Claude Computer and Browser Use: A Practical Reliability Checklist
Anthropic’s guide to computer and browser use with Claude is best read as an engineering checklist. It covers what has to be true before a visual agent can reliably click, type, navigate, recover, and operate safely in real applications.
The core idea is simple: computer use reliability is not only a model problem. It is a system problem across screenshots, coordinate scaling, model selection, safety, context management, debugging, and workflow reuse.
Start With Screen and Coordinate Setup

Click accuracy is the foundation. If clicks miss their targets, everything downstream fails.
The first rule is to downscale screenshots before sending them to the API. For the Claude 4.6 family, images above a 1568px long edge or 1.15MP total pixels are internally downscaled. For Opus 4.7, the limits are higher: 2576px long edge and 3.75MP total pixels.
Start with:
- 1280x720 for Claude 4.6 family
- 1080p for Opus 4.7
- Max API fit when you want to preserve aspect ratio and use the available pixel budget
Then make sure display_width_px and display_height_px match the image actually sent to the model. If you resize the screenshot, scale the returned coordinates back to native screen space before clicking.

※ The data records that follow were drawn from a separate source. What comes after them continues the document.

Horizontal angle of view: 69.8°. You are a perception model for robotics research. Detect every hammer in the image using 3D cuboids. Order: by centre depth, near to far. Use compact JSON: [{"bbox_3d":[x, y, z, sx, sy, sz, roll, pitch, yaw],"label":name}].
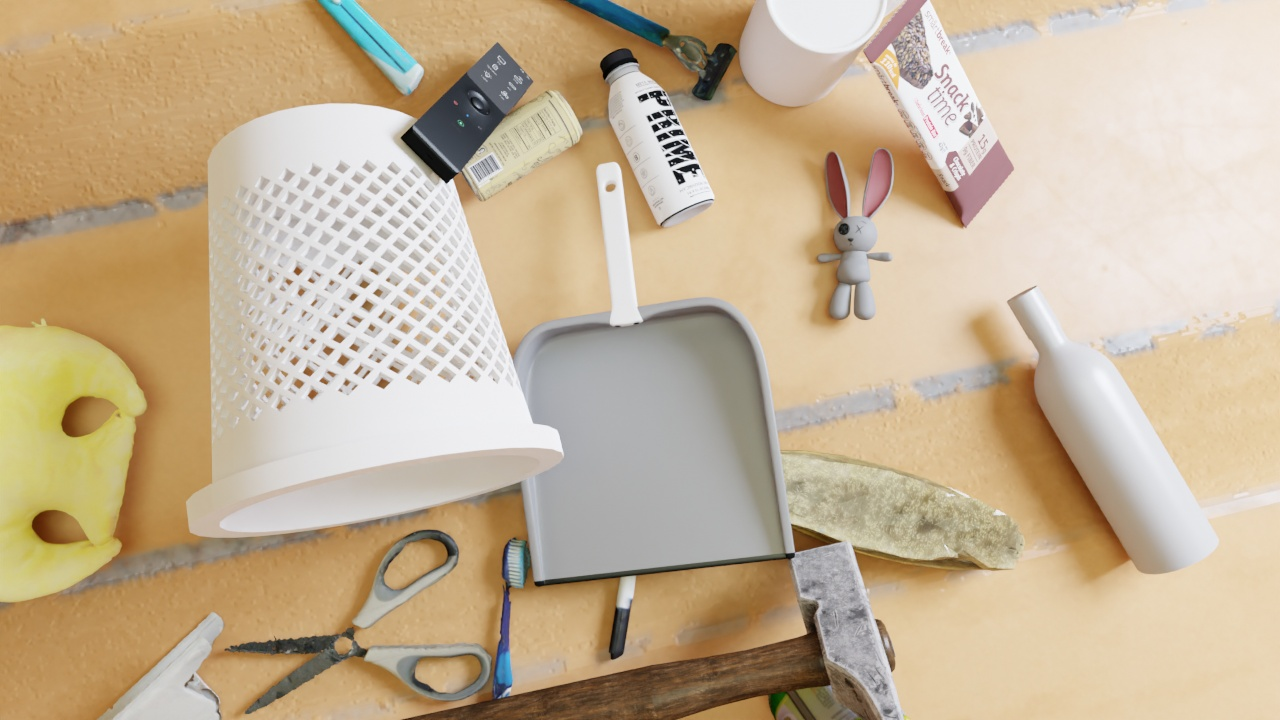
[{"bbox_3d":[-0.003,0.215,0.499,0.301,0.217,0.037,-15,120,8],"label":"hammer"}]

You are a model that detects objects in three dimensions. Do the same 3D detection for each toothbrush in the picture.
[{"bbox_3d":[-0.084,0.207,0.580,0.017,0.016,0.189,1,85,29],"label":"toothbrush"}]

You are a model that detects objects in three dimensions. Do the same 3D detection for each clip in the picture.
[{"bbox_3d":[-0.291,0.208,0.563,0.102,0.058,0.052,-44,65,-4],"label":"clip"}]

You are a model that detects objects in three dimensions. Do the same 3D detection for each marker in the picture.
[{"bbox_3d":[-0.004,0.118,0.596,0.011,0.011,0.152,9,85,-3],"label":"marker"}]

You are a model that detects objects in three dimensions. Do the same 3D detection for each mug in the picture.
[{"bbox_3d":[0.123,-0.221,0.586,0.110,0.090,0.074,-24,88,-5],"label":"mug"}]

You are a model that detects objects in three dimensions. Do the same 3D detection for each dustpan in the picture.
[{"bbox_3d":[-0.003,0.003,0.575,0.163,0.033,0.257,-8,81,9],"label":"dustpan"}]

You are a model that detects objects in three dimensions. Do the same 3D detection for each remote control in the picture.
[{"bbox_3d":[-0.099,-0.152,0.549,0.013,0.149,0.034,-33,113,30],"label":"remote control"}]

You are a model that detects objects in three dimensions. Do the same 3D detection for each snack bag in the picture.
[{"bbox_3d":[0.195,-0.157,0.584,0.057,0.013,0.158,-49,125,-7],"label":"snack bag"}]

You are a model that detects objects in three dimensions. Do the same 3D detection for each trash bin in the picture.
[{"bbox_3d":[-0.160,-0.021,0.519,0.195,0.196,0.199,-13,77,-4],"label":"trash bin"}]

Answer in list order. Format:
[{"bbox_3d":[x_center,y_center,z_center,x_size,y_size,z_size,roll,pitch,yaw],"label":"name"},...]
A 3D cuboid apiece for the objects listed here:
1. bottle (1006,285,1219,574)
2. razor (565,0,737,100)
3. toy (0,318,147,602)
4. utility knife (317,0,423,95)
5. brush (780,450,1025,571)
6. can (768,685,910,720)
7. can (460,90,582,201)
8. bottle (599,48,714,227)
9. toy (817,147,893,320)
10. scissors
[{"bbox_3d":[0.298,0.041,0.597,0.052,0.052,0.195,-30,88,-5],"label":"bottle"},{"bbox_3d":[-0.007,-0.226,0.614,0.144,0.022,0.042,28,84,-1],"label":"razor"},{"bbox_3d":[-0.384,0.057,0.551,0.155,0.065,0.170,9,86,-9],"label":"toy"},{"bbox_3d":[-0.210,-0.243,0.608,0.179,0.015,0.022,45,86,3],"label":"utility knife"},{"bbox_3d":[0.154,0.097,0.589,0.195,0.043,0.059,16,85,-1],"label":"brush"},{"bbox_3d":[0.128,0.226,0.533,0.067,0.121,0.067,-4,106,-15],"label":"can"},{"bbox_3d":[-0.080,-0.140,0.595,0.079,0.038,0.038,-33,89,-5],"label":"can"},{"bbox_3d":[0.007,-0.147,0.599,0.041,0.041,0.116,-25,88,-5],"label":"bottle"},{"bbox_3d":[0.142,-0.082,0.608,0.049,0.030,0.111,2,88,25],"label":"toy"},{"bbox_3d":[-0.168,0.176,0.580,0.166,0.012,0.157,30,83,-1],"label":"scissors"}]

Improve Clicking Reliability
Place the text instruction before the image in the message content array. This helps the model know what it is looking for while it processes the screenshot.
Small targets need special handling. Checkboxes, tray icons, dropdown arrows, small toggles, and tree expand controls are less reliable than normal buttons and input fields. Use zoom, keyboard alternatives, UI scaling, lower DPI, or cropped screenshots when small targets matter.
If clicks fail, inspect the failure. Log the transcript and overlay predicted clicks on the source screenshots. Some failures are not click accuracy issues at all: for example, a browser screenshot may not capture a system-level dropdown. In those cases, JavaScript, keyboard navigation, or DOM manipulation may be more reliable than clicking.
Choose Thinking Effort by Workload
More thinking is not always better. UI automation is often perceptual and mechanical rather than deeply logical.
For Opus 4.7:
- Default: high
- High-throughput or cost-sensitive: low
- Simple and fastest: try Sonnet 4.6
- Complex one-shot tasks: max
For Claude 4.6 models:
- Default: medium
- High-throughput or cost-sensitive: low
- Simple and fastest: disable thinking
- Complex one-shot tasks: high
The article does not recommend max effort for 4.6 computer use because it adds cost without consistent accuracy gains over high.

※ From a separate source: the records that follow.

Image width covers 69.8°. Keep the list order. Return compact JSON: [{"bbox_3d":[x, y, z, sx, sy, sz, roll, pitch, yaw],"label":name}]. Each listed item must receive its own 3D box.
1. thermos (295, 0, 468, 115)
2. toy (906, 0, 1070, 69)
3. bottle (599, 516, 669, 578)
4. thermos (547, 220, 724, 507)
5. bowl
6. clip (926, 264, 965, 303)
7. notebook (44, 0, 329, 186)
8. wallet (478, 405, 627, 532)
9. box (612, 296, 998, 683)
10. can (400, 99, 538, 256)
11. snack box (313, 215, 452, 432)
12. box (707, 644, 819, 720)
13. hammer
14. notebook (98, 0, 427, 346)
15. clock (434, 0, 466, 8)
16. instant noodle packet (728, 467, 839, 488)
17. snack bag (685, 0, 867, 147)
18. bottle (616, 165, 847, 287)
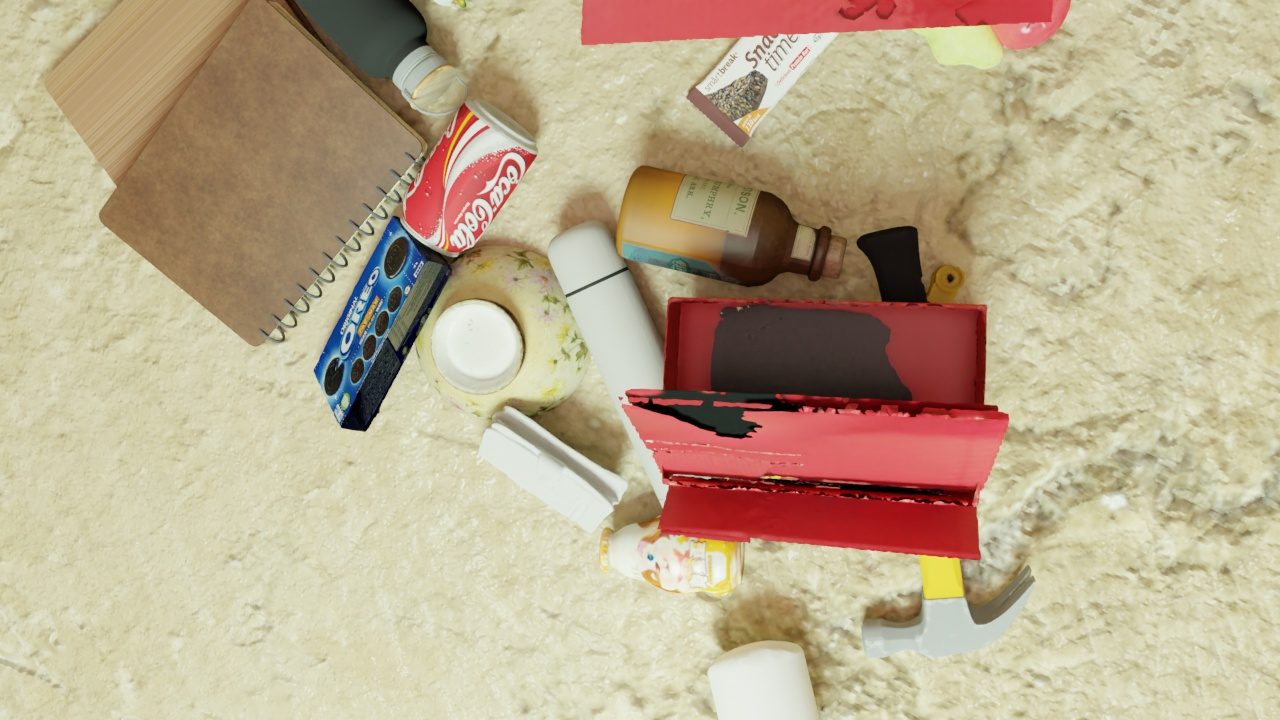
[{"bbox_3d":[-0.214,-0.267,0.668,0.061,0.061,0.231,-43,91,15],"label":"thermos"},{"bbox_3d":[0.241,-0.248,0.594,0.135,0.045,0.091,-32,96,21],"label":"toy"},{"bbox_3d":[0.024,0.147,0.703,0.109,0.063,0.063,-1,100,12],"label":"bottle"},{"bbox_3d":[-0.004,0.004,0.686,0.052,0.052,0.224,-23,96,14],"label":"thermos"},{"bbox_3d":[-0.114,-0.014,0.698,0.145,0.063,0.145,2,102,10],"label":"bowl"},{"bbox_3d":[0.212,-0.044,0.649,0.054,0.044,0.050,24,129,7],"label":"clip"},{"bbox_3d":[-0.350,-0.214,0.725,0.211,0.022,0.169,-35,92,15],"label":"notebook"},{"bbox_3d":[-0.072,0.089,0.708,0.116,0.032,0.086,31,147,4],"label":"wallet"},{"bbox_3d":[0.096,0.194,0.547,0.215,0.141,0.510,3,75,14],"label":"box"},{"bbox_3d":[-0.128,-0.133,0.677,0.064,0.064,0.105,38,105,2],"label":"can"},{"bbox_3d":[-0.201,-0.029,0.707,0.082,0.027,0.150,45,109,43],"label":"snack box"},{"bbox_3d":[0.111,0.293,0.717,0.083,0.143,0.137,-16,68,10],"label":"box"},{"bbox_3d":[0.203,0.065,0.657,0.127,0.029,0.324,-8,103,15],"label":"hammer"},{"bbox_3d":[-0.288,-0.134,0.708,0.167,0.024,0.226,42,108,-11],"label":"notebook"},{"bbox_3d":[-0.148,-0.304,0.651,0.117,0.057,0.083,33,104,3],"label":"clock"},{"bbox_3d":[0.109,0.042,0.680,0.098,0.039,0.135,-6,99,5],"label":"instant noodle packet"},{"bbox_3d":[0.104,-0.228,0.641,0.057,0.013,0.158,44,105,2],"label":"snack bag"},{"bbox_3d":[0.066,-0.089,0.647,0.157,0.067,0.068,14,103,8],"label":"bottle"}]

Add Safety at the Boundary
Computer use agents interact with untrusted content. Screenshots, web pages, and application UIs can contain hidden or adversarial instructions.
If you use the official computer_20251124 tool type, Claude’s prompt injection classifiers run automatically. They add almost no latency and no extra cost. If you build custom screenshot and click tools, those built-in classifiers do not currently run automatically.
Regardless of classifier use:
- Add human confirmation for irreversible actions.
- Scope the agent’s permissions.
- Log actions and screenshots.
- Treat web and application content as untrusted input, not user instruction.
Manage Context and Cost
Screenshots accumulate quickly. Each screenshot can consume roughly 1,000 to 1,800 tokens. A long-running agent can fill a 200k context window in fewer than 100 screenshots.
A good default stack:
- One cache breakpoint on the stable prefix
- Up to three cache breakpoints on recent tool results
- A cache-aware rolling buffer with
keep_n = 3andinterval = 25 - Compaction for longer workflows
If server-side compaction runs, mirror the truncation on the client. Otherwise the client may keep sending history that the server has already compacted, increasing cost and breaking cache-stable assumptions.
Use Advanced Patterns Selectively
Batch tools can reduce round trips when actions are independent: filling several fields, chaining keyboard shortcuts, or scrolling and clicking a known target. Avoid them when each action depends on the visual result of the previous one.
The advisor tool is useful when an executor model handles mechanical steps but occasionally needs stronger planning. It is most relevant for long-horizon tasks with occasional recovery or strategic choices.
For debugging, the reference implementation includes trajectory viewing, tool debug panels, and localization playgrounds. These tools help determine whether a failure came from the model, the screenshot pipeline, or the harness.
For repeated workflows, demonstration playback is often stronger than more prompt text. Record the user performing the task, capture screenshots and actions, then replay the demonstration as context. Claude should adapt the demonstration to the current UI rather than blindly replay recorded coordinates.
Takeaway
Claude computer and browser use integrations become reliable when the whole system is engineered: image scaling, coordinate mapping, model effort, safety controls, context management, debugging tools, and reusable demonstrations all matter.

The model is one part of the loop. The harness around it decides whether the agent can operate safely and repeatedly in production.